Is this the place to argue about this?  My view?  I've been writing since the late sixties, based in the UK most of the time.  There are many ways to establish copyright without having to formally register.  One favourite method used to be to simply post your copy to yourself by registered post.

As for amateur v professional, as long as people are prepared to pay for what I write, and they do, then I consider myself professional.  The definition of professional is that you get paid to do it.  I couldn't really care less what anyone else thinks.


----------



## WordWeaver

dracosgurl said:


> I know, but YOU MUST'VE NOT READ MY POST ABOUT PUTTING IT ON.


 
Nobody is going to steal your garbage.


----------



## DavidGil

I doubt the poster will be posting anymore anyways. So the point is kinda moot.


----------



## WordWeaver

Baron said:


> Is this the place to argue about this? My view? I've been writing since the late sixties, based in the UK most of the time. There are many ways to establish copyright without having to formally register. One favourite method used to be to simply post your copy to yourself by registered post.
> 
> As for amateur v professional, as long as people are prepared to pay for what I write, and they do, then I consider myself professional. The definition of professional is that you get paid to do it. I couldn't really care less what anyone else thinks.


 
I don't know how it works in the UK, but here you don't need to register copyright. It is automatically protected. And you are refering to "Poor Man's Copyright," which if you would actually READ about it, you'd find it unnecessary. Laws have changed since the sixties, old timer. I'd suggest reading a bit and gaining some more information before trying to argue on it. I'm not talking out of my ass - I've researched this subject plenty of times. Read up on Writer's Market 2007 - They explain this in detail, and this is through the sources of "Professional" publishers.

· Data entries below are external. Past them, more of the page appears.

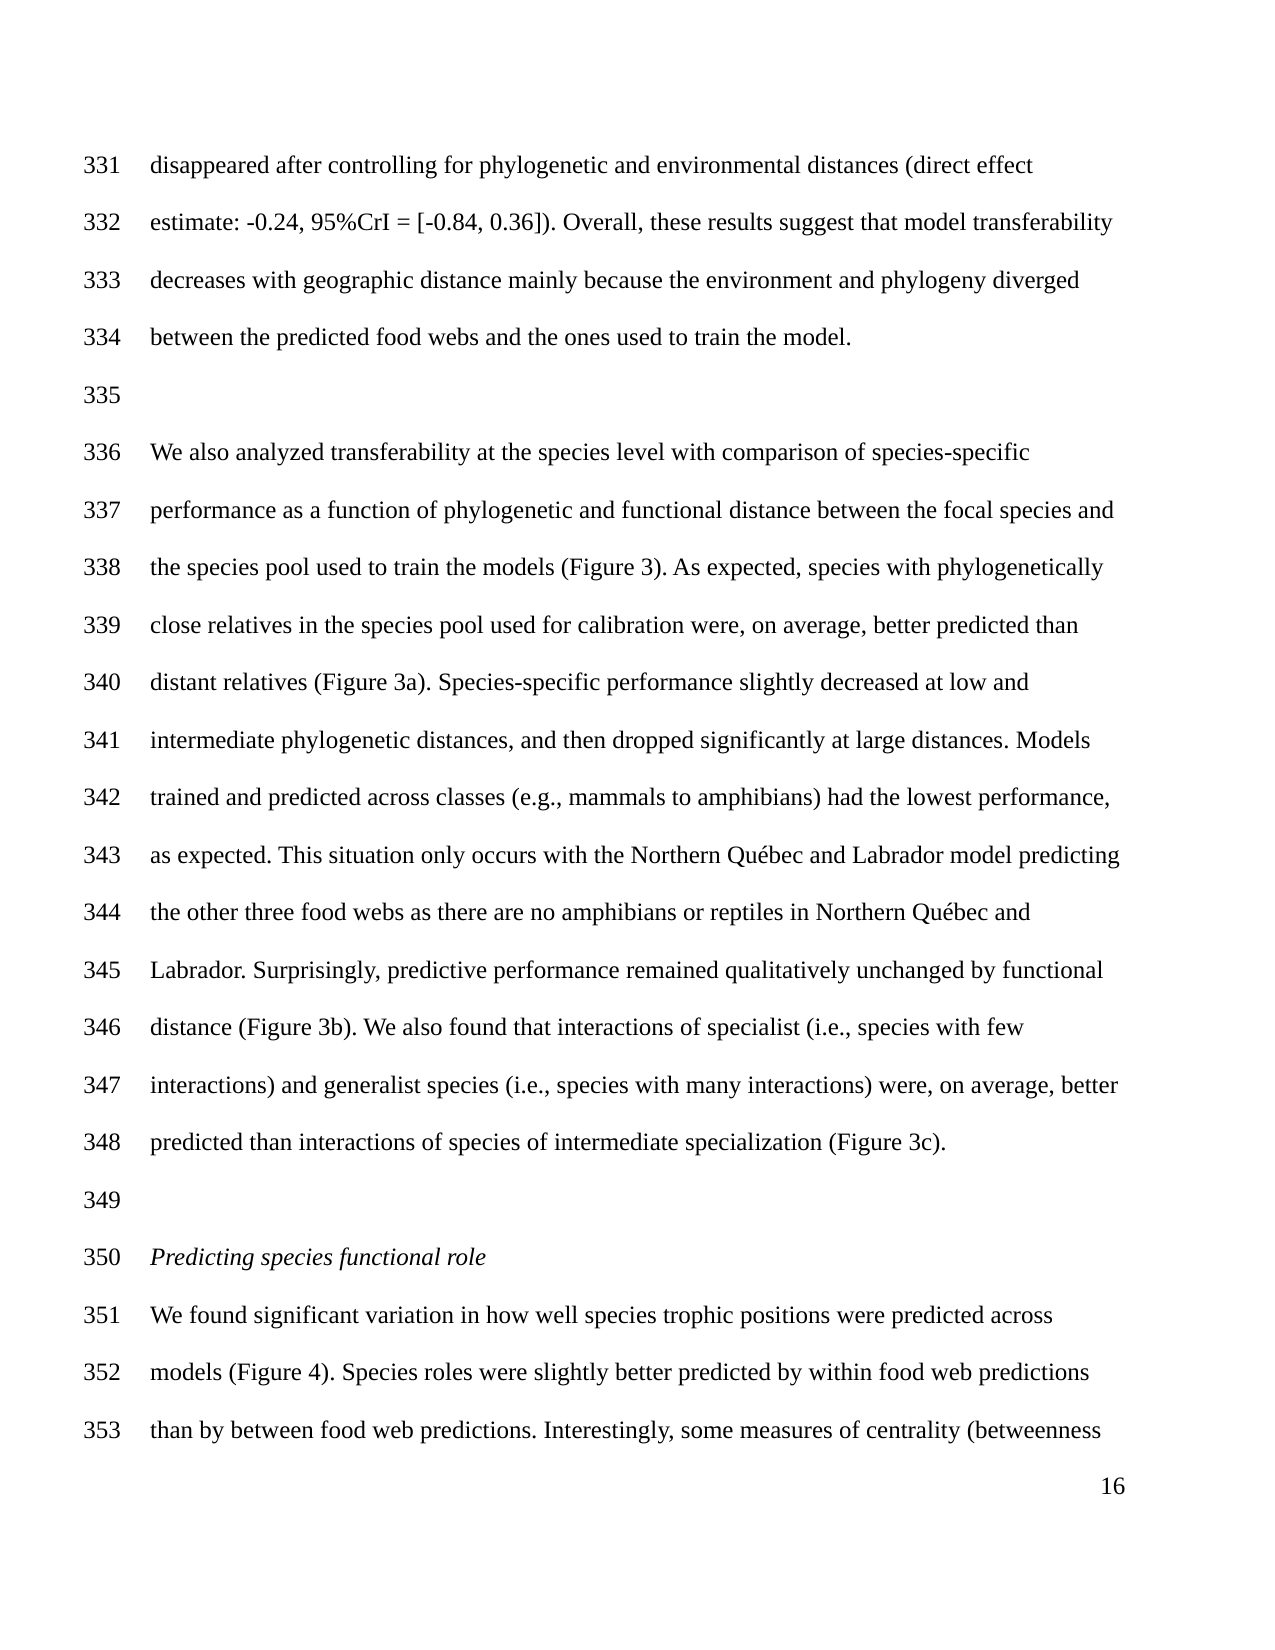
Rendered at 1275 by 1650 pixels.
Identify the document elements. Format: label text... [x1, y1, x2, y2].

text We found significant variation in how well species trophic positions were predicted across models (Figure 4). Species roles were slightly better predicted by within food web predictions than by between food web predictions. Interestingly, some measures of centrality (betweenness [150, 1300, 1125, 1444]
text Predicting species functional role [150, 1242, 1125, 1271]
text We also analyzed transferability at the species level with comparison of species-specific performance as a function of phylogenetic and functional distance between the focal species and the species pool used to train the models (Figure 3). As expected, species with phylogenetically close relatives in the species pool used for calibration were, on average, better predicted than distant relatives (Figure 3a). Species-specific performance slightly decreased at low and intermediate phylogenetic distances, and then dropped significantly at large distances. Models trained and predicted across classes (e.g., mammals to amphibians) had the lowest performance, as expected. This situation only occurs with the Northern Québec and Labrador model predicting the other three food webs as there are no amphibians or reptiles in Northern Québec and Labrador. Surprisingly, predictive performance remained qualitatively unchanged by functional distance (Figure 3b). We also found that interactions of specialist (i.e., species with few interactions) and generalist species (i.e., species with many interactions) were, on average, better predicted than interactions of species of intermediate specialization (Figure 3c). [150, 437, 1125, 1156]
text disappeared after controlling for phylogenetic and environmental distances (direct effect estimate: -0.24, 95%CrI = [-0.84, 0.36]). Overall, these results suggest that model transferability decreases with geographic distance mainly because the environment and phylogeny diverged between the predicted food webs and the ones used to train the model. [150, 150, 1125, 351]
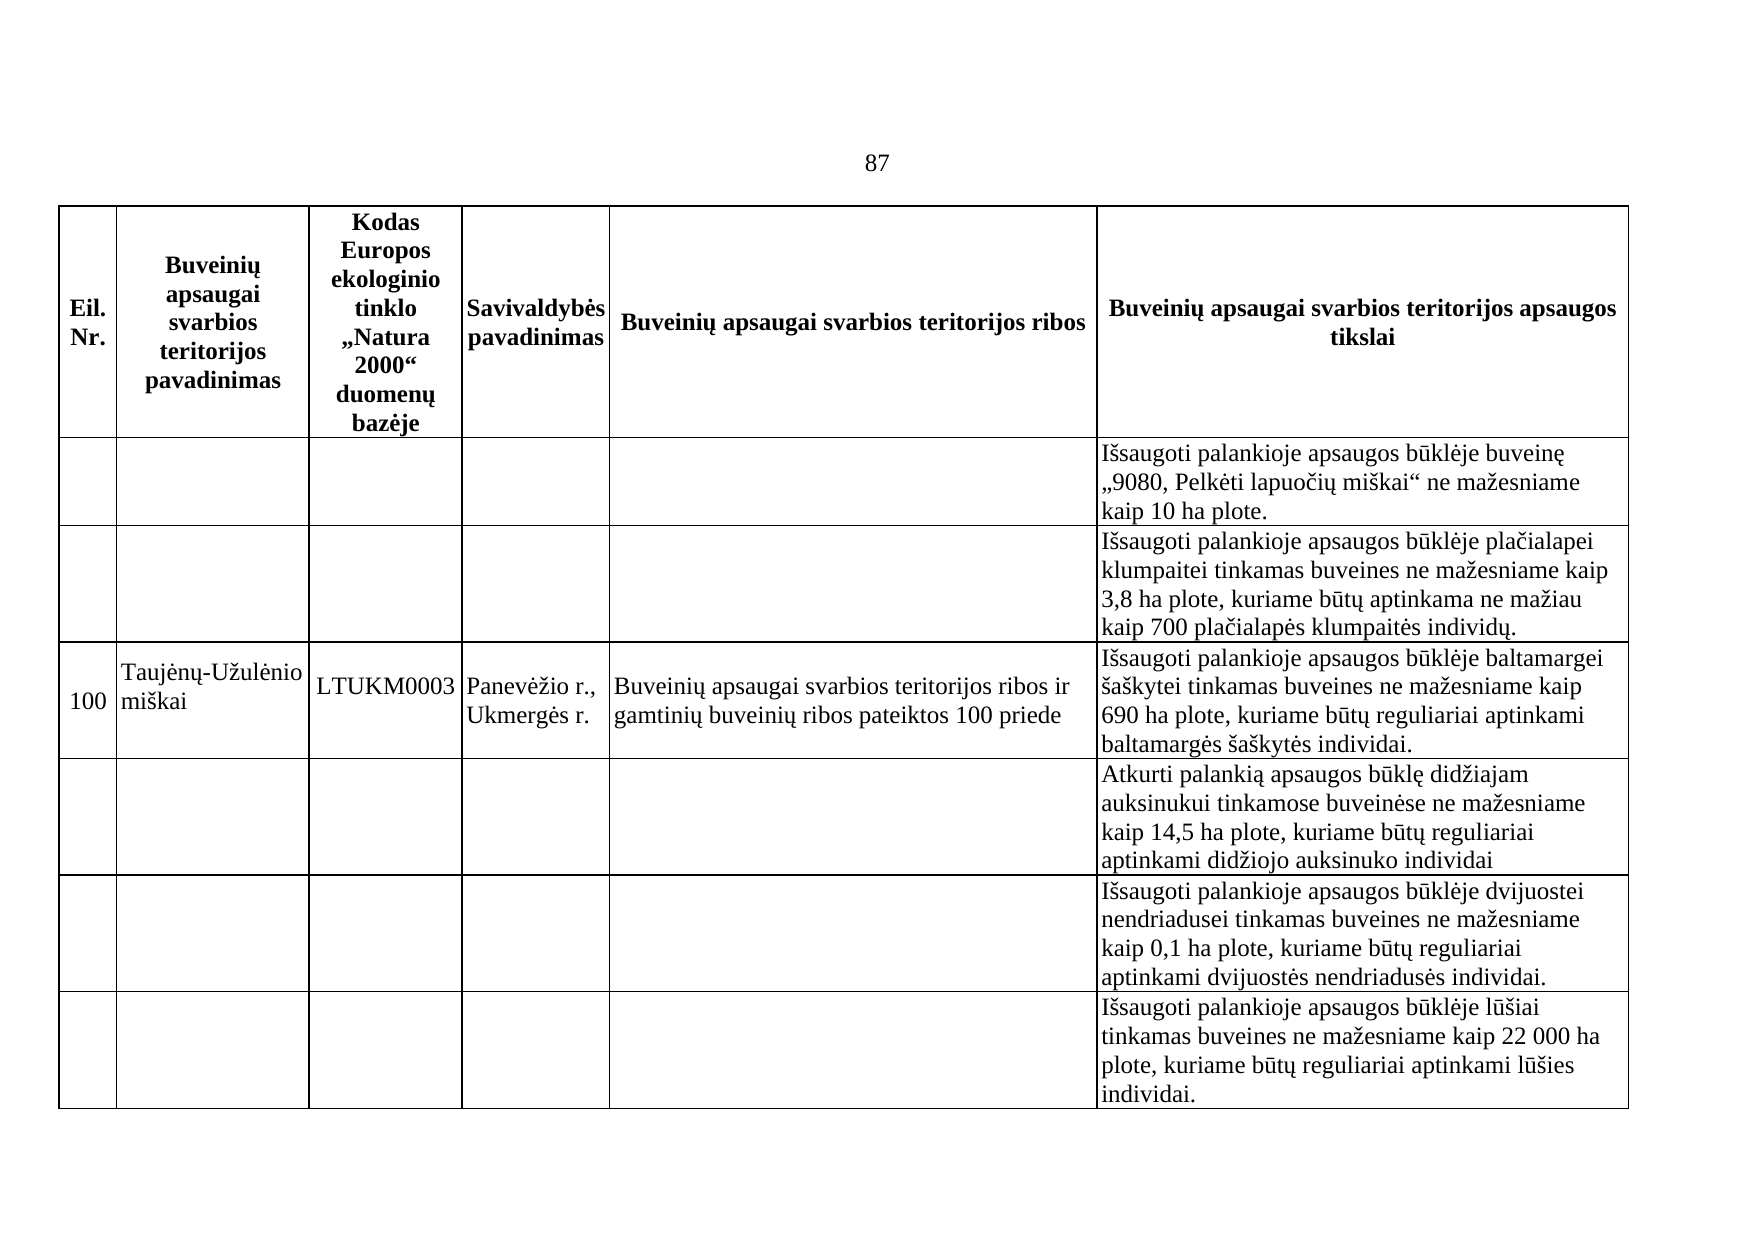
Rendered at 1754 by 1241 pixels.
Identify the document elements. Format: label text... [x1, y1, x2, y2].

table_cell Buveinių apsaugai svarbios teritorijos ribos ir gamtinių buveinių ribos pateiktos 100 priede [610, 643, 1096, 758]
table_cell Išsaugoti palankioje apsaugos būklėje plačialapei klumpaitei tinkamas buveines ne mažesniame kaip 3,8 ha plote, kuriame būtų aptinkama ne mažiau kaip 700 plačialapės klumpaitės individų. [1098, 526, 1628, 641]
table_cell Išsaugoti palankioje apsaugos būklėje buveinę „9080, Pelkėti lapuočių miškai“ ne mažesniame kaip 10 ha plote. [1098, 438, 1628, 524]
table_cell Panevėžio r., Ukmergės r. [463, 643, 609, 758]
table_header Savivaldybės pavadinimas [463, 207, 609, 437]
table_cell [60, 759, 116, 874]
table_cell [463, 759, 609, 874]
table_header Buveinių apsaugai svarbios teritorijos ribos [610, 207, 1096, 437]
table_cell [463, 438, 609, 524]
table_cell [463, 876, 609, 991]
table_cell Taujėnų-Užulėnio miškai [117, 643, 308, 758]
table_cell Išsaugoti palankioje apsaugos būklėje baltamargei šaškytei tinkamas buveines ne mažesniame kaip 690 ha plote, kuriame būtų reguliariai aptinkami baltamargės šaškytės individai. [1098, 643, 1628, 758]
table_cell [610, 438, 1096, 524]
table_cell [117, 876, 308, 991]
table_cell [463, 992, 609, 1107]
table_cell [610, 526, 1096, 641]
table_cell LTUKM0003 [310, 643, 461, 758]
table_cell [60, 438, 116, 524]
table_cell [60, 992, 116, 1107]
table_header Buveinių apsaugai svarbios teritorijos apsaugos tikslai [1098, 207, 1628, 437]
table_cell [117, 759, 308, 874]
table_header Kodas Europos ekologinio tinklo „Natura 2000“ duomenų bazėje [310, 207, 461, 437]
table_cell [117, 992, 308, 1107]
table_header Buveinių apsaugai svarbios teritorijos pavadinimas [117, 207, 308, 437]
table_cell [310, 438, 461, 524]
table_cell [117, 438, 308, 524]
table_cell Išsaugoti palankioje apsaugos būklėje lūšiai tinkamas buveines ne mažesniame kaip 22 000 ha plote, kuriame būtų reguliariai aptinkami lūšies individai. [1098, 992, 1628, 1107]
table_cell 100 [60, 643, 116, 758]
table_cell [310, 876, 461, 991]
table_cell [610, 759, 1096, 874]
table_cell [60, 526, 116, 641]
table_cell Išsaugoti palankioje apsaugos būklėje dvijuostei nendriadusei tinkamas buveines ne mažesniame kaip 0,1 ha plote, kuriame būtų reguliariai aptinkami dvijuostės nendriadusės individai. [1098, 876, 1628, 991]
table_cell [310, 759, 461, 874]
table_cell [117, 526, 308, 641]
table_cell [310, 992, 461, 1107]
table_cell [310, 526, 461, 641]
table_cell [60, 876, 116, 991]
table_cell [463, 526, 609, 641]
table_cell Atkurti palankią apsaugos būklę didžiajam auksinukui tinkamose buveinėse ne mažesniame kaip 14,5 ha plote, kuriame būtų reguliariai aptinkami didžiojo auksinuko individai [1098, 759, 1628, 874]
table_cell [610, 876, 1096, 991]
table_header Eil. Nr. [60, 207, 116, 437]
table_cell [610, 992, 1096, 1107]

But if you want to go ahead and register your work for extra copyright protection, be my guest. However, I don't suggest mentioning this in your query letter or on the manuscript.


----------



## Voodoo

I only heard about poor man's today, in a post by gunslinger's requiem, and it said it's unnecessary and a waste of time, in comparison to other methods electronically.


----------



## Baron

German Voodoo said:


> I only heard about poor man's today, in a post by gunslinger's requiem, and it said it's unnecessary and a waste of time, in comparison to other methods electronically.


 
the fact is that you only need to be able to prove that your writing was produced prior to anything similar which may appear. If you publish something on the forum and that post is dated then that is proof enough.

Don't mind the 'old timer' tag. The best writing is born out of experience and I've had a few years and lived in the right places to experience quite a bit and there's life in me yet.

For the record, this web site is a published work. Take a look at the foot of the page and you'll quite easily see a copyright tag.  

There are differences in UK and US copyright laws


----------



## Voodoo

All times are GMT -5. The time now is 08:48 PM.
Powered by vBulletin, Copyright ©2000-2007, Jelsoft Enterprises Ltd. 
LinkBacks Enabled by vBSEO 3.0.0​ 


That? isn't that vbulletin copyright?


----------



## dracosgurl

I can use copyright if I want to.


----------



## Voodoo

You're going to be reprimanded if you keep posting images like that.


----------



## Voodoo

Hi everyone! I just wanted to let everyone know I'm here. 
	

	
	
		
		

		
		
	


	




 I'm a little shy, sorry. *I've been writing for a very long time*, fiction mostly, and someone told me about this website. I'm hopefully going to have my parents get my book published soon, so maybe I'll post it to y'all. Thanks a bunch. PS. Call me kitkat. That's how I always sign posts.


----------



## dracosgurl

Yeah, I have been writing for a very long time. I could even write in cursive before anyone taught me how. 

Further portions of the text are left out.